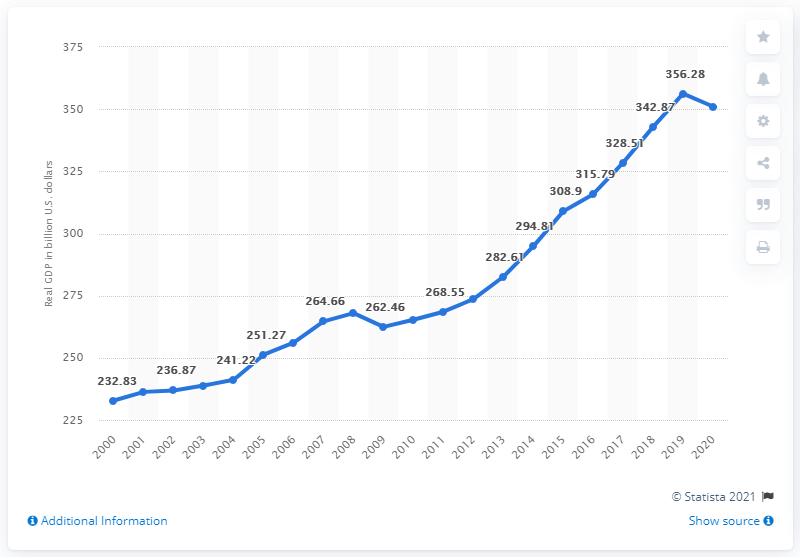Specify some key components in this picture. The Gross Domestic Product, or GDP, of Colorado in the previous year was 356.28 billion dollars. The Gross Domestic Product (GDP) of Colorado in 2020 was 351.07 billion dollars. 
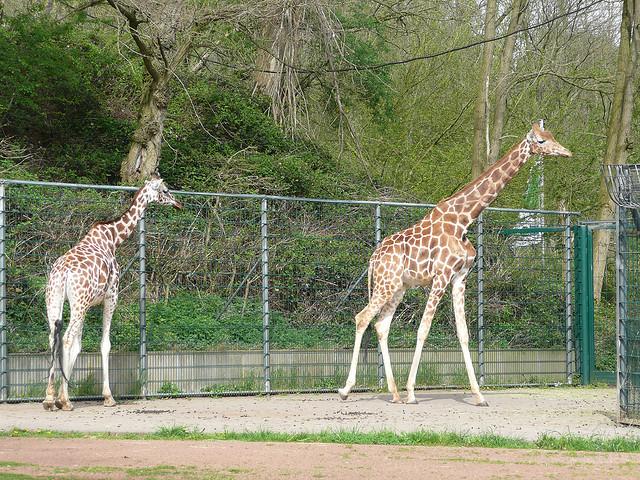Do you think this is in Africa?
Keep it brief. No. Is one giraffe bigger than the other?
Concise answer only. Yes. How tall do you think these giraffes are?
Concise answer only. 12 feet. How many giraffes are in this scene?
Short answer required. 2. How many ostriches are there?
Give a very brief answer. 0. Do the small giraffes have necks?
Give a very brief answer. Yes. How many giraffes are in the picture?
Write a very short answer. 2. Are the giraffes in the wild?
Concise answer only. No. Are the giraffes eating?
Keep it brief. No. How many species are seen?
Answer briefly. 1.

**What to produce**:
Copy, from the lines above, each one that holds "Give".

**Task answer**:
Give a very brief answer. 0. Do the small giraffes have necks?
Give a very brief answer. Yes. How many giraffes are in the picture?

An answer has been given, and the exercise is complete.